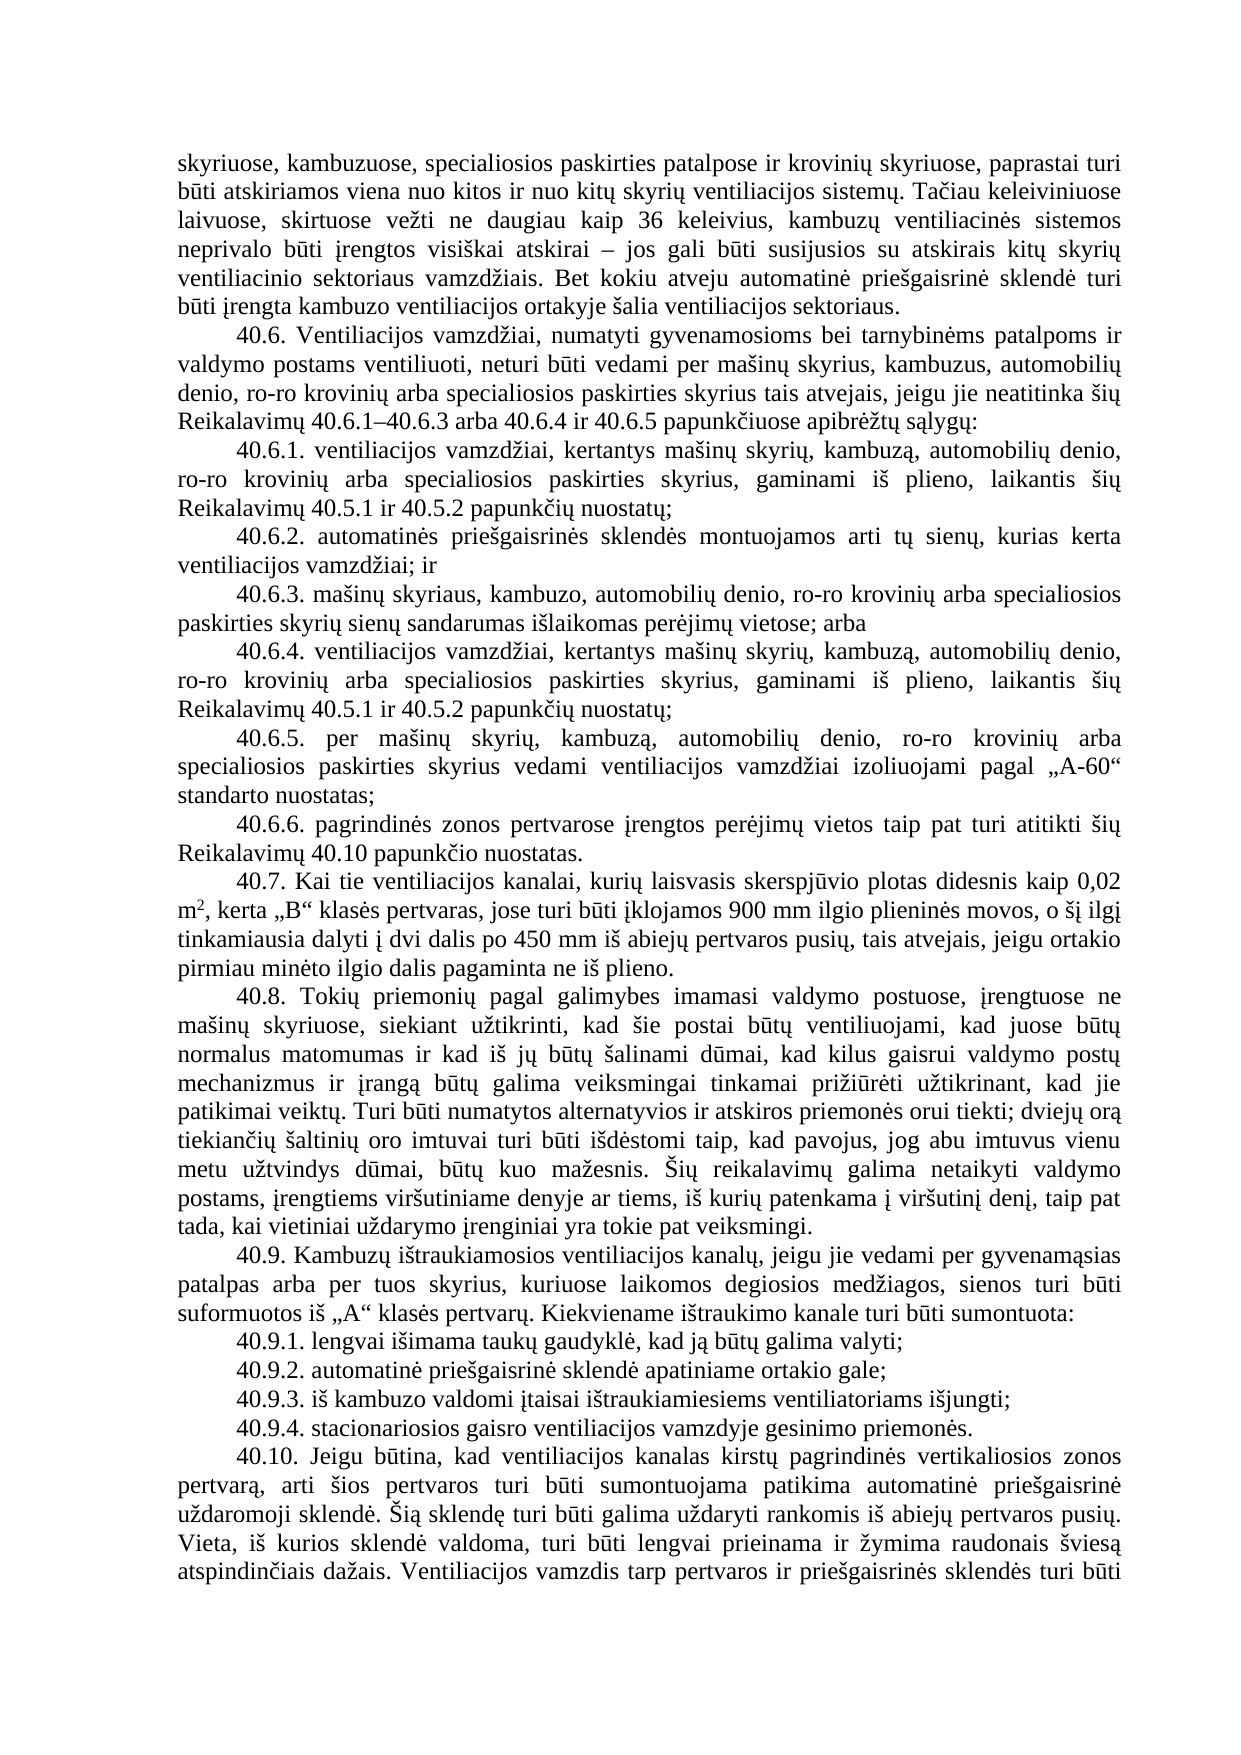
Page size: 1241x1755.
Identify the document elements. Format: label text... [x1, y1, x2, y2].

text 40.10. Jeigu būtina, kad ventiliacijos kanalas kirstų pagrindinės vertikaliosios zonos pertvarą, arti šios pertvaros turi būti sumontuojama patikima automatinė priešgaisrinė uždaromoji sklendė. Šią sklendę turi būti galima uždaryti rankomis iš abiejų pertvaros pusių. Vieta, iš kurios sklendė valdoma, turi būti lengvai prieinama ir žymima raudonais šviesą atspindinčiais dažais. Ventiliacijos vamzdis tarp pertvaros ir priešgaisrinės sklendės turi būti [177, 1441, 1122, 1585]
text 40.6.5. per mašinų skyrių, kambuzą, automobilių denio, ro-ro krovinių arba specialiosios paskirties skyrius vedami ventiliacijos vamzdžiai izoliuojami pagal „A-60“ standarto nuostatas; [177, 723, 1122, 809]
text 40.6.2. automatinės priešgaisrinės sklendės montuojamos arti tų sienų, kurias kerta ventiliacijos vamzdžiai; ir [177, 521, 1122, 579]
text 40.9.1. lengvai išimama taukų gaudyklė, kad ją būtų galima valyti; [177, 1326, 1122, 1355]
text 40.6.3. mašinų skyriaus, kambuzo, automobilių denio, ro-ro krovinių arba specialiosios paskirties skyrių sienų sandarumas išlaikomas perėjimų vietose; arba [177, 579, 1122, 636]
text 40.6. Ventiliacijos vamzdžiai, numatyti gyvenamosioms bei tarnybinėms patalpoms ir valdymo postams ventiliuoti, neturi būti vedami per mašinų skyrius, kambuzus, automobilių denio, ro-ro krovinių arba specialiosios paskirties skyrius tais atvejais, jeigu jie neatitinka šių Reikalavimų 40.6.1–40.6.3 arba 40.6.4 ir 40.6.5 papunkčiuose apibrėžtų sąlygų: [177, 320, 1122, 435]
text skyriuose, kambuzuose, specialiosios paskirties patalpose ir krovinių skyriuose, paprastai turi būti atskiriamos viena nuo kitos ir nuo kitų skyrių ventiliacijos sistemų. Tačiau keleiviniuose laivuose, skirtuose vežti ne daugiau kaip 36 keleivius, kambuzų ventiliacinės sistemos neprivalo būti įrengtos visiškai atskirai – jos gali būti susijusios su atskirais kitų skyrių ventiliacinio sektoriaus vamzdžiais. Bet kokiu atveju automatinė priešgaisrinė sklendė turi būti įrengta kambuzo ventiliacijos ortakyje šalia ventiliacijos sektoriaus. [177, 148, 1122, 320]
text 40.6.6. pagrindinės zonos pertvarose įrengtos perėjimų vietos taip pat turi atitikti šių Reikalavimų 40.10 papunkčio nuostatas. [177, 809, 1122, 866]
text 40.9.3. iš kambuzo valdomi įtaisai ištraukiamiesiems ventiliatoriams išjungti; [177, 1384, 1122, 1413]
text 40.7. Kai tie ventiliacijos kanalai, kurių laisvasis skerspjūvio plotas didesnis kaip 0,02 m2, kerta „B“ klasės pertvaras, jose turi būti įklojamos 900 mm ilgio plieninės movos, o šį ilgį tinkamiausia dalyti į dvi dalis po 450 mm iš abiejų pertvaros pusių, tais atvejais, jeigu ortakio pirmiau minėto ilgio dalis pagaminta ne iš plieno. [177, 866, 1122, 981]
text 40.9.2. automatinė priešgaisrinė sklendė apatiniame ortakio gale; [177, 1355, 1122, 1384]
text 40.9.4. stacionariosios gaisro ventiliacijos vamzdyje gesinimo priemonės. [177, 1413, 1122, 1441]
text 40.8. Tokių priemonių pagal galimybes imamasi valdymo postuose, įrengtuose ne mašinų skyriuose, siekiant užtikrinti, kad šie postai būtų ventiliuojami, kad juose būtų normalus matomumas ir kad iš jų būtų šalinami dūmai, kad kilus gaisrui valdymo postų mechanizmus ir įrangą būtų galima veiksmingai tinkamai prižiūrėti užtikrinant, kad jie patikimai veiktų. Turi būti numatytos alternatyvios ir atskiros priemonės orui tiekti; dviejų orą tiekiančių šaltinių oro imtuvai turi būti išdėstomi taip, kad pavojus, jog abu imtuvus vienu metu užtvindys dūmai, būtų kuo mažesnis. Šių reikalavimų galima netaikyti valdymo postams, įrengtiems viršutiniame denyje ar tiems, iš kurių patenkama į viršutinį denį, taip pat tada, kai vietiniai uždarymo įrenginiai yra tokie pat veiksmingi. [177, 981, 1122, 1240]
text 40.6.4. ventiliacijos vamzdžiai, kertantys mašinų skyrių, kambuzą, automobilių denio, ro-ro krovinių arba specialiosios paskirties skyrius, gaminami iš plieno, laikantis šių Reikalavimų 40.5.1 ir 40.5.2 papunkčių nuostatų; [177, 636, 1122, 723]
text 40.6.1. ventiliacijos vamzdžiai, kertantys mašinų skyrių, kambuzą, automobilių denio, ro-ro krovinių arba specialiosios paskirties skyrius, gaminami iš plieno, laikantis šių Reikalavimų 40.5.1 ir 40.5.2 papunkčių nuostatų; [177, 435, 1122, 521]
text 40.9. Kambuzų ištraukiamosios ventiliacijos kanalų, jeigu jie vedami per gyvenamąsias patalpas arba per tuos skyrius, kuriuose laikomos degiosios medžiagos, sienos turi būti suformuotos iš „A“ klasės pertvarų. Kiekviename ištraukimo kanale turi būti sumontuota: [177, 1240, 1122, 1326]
------------------------------------------------------------------------
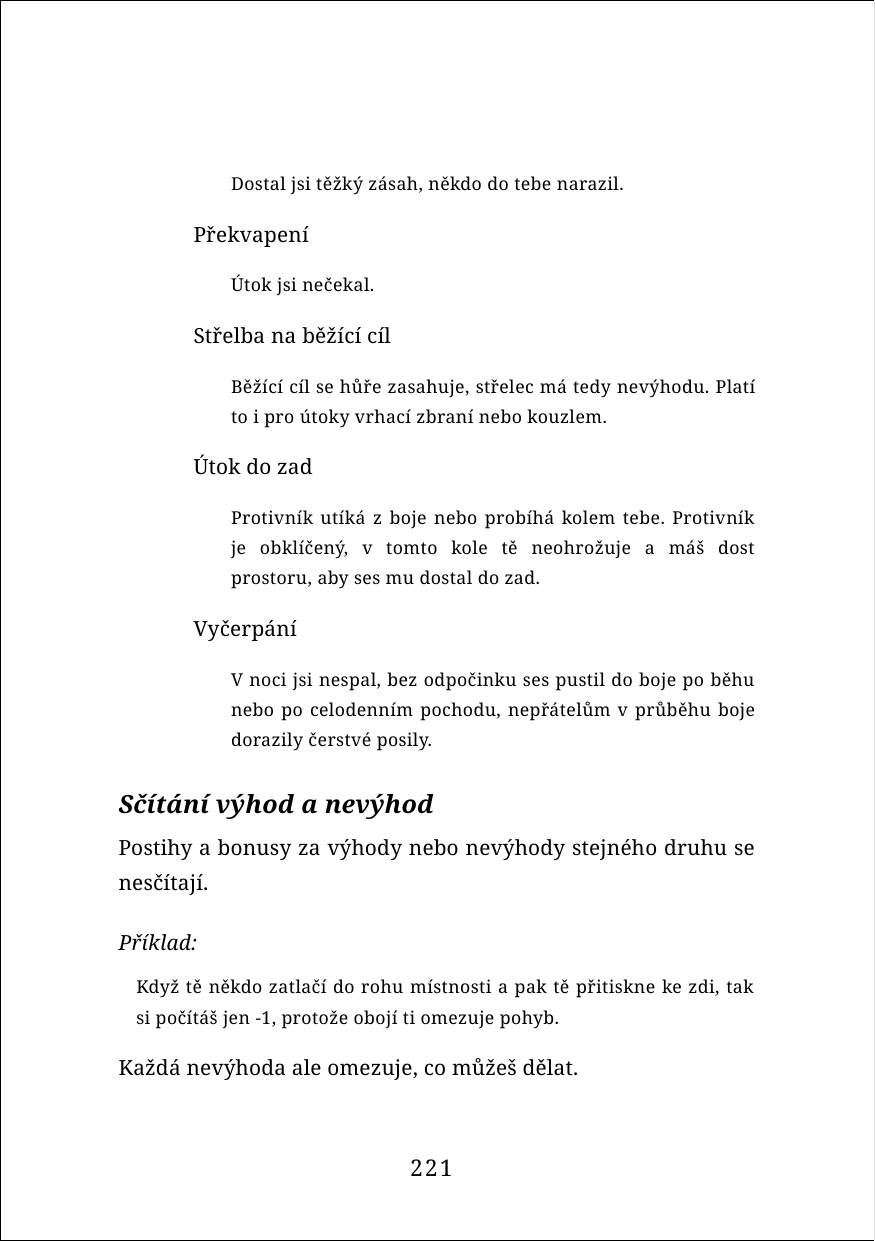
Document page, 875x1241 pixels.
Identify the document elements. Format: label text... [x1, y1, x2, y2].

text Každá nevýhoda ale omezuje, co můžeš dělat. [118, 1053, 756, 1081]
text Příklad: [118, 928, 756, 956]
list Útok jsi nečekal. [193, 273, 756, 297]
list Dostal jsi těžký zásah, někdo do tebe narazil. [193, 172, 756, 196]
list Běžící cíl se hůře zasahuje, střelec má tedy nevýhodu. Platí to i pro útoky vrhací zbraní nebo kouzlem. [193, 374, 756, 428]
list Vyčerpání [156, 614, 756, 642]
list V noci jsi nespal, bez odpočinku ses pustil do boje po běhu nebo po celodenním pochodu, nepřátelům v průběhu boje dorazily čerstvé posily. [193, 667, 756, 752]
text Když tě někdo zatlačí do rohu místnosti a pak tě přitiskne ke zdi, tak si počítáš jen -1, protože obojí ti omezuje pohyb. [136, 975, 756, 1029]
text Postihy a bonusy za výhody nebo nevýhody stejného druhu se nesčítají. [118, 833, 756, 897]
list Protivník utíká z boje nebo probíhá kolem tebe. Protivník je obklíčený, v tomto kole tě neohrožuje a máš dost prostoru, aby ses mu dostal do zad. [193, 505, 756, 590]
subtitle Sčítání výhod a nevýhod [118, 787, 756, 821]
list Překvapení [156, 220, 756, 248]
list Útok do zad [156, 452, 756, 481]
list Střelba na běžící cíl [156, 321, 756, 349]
------------------------------------------------------------------------
» What is expected: For the listing above, print only the lines starting at the line containing "text 40.6. Ventiliacijos" and ending at the line containing "text skyriuose, kambuzuose, specialiosios", exactly, both included.

» Your solution:
text 40.6. Ventiliacijos vamzdžiai, numatyti gyvenamosioms bei tarnybinėms patalpoms ir valdymo postams ventiliuoti, neturi būti vedami per mašinų skyrius, kambuzus, automobilių denio, ro-ro krovinių arba specialiosios paskirties skyrius tais atvejais, jeigu jie neatitinka šių Reikalavimų 40.6.1–40.6.3 arba 40.6.4 ir 40.6.5 papunkčiuose apibrėžtų sąlygų: [177, 320, 1122, 435]
text skyriuose, kambuzuose, specialiosios paskirties patalpose ir krovinių skyriuose, paprastai turi būti atskiriamos viena nuo kitos ir nuo kitų skyrių ventiliacijos sistemų. Tačiau keleiviniuose laivuose, skirtuose vežti ne daugiau kaip 36 keleivius, kambuzų ventiliacinės sistemos neprivalo būti įrengtos visiškai atskirai – jos gali būti susijusios su atskirais kitų skyrių ventiliacinio sektoriaus vamzdžiais. Bet kokiu atveju automatinė priešgaisrinė sklendė turi būti įrengta kambuzo ventiliacijos ortakyje šalia ventiliacijos sektoriaus. [177, 148, 1122, 320]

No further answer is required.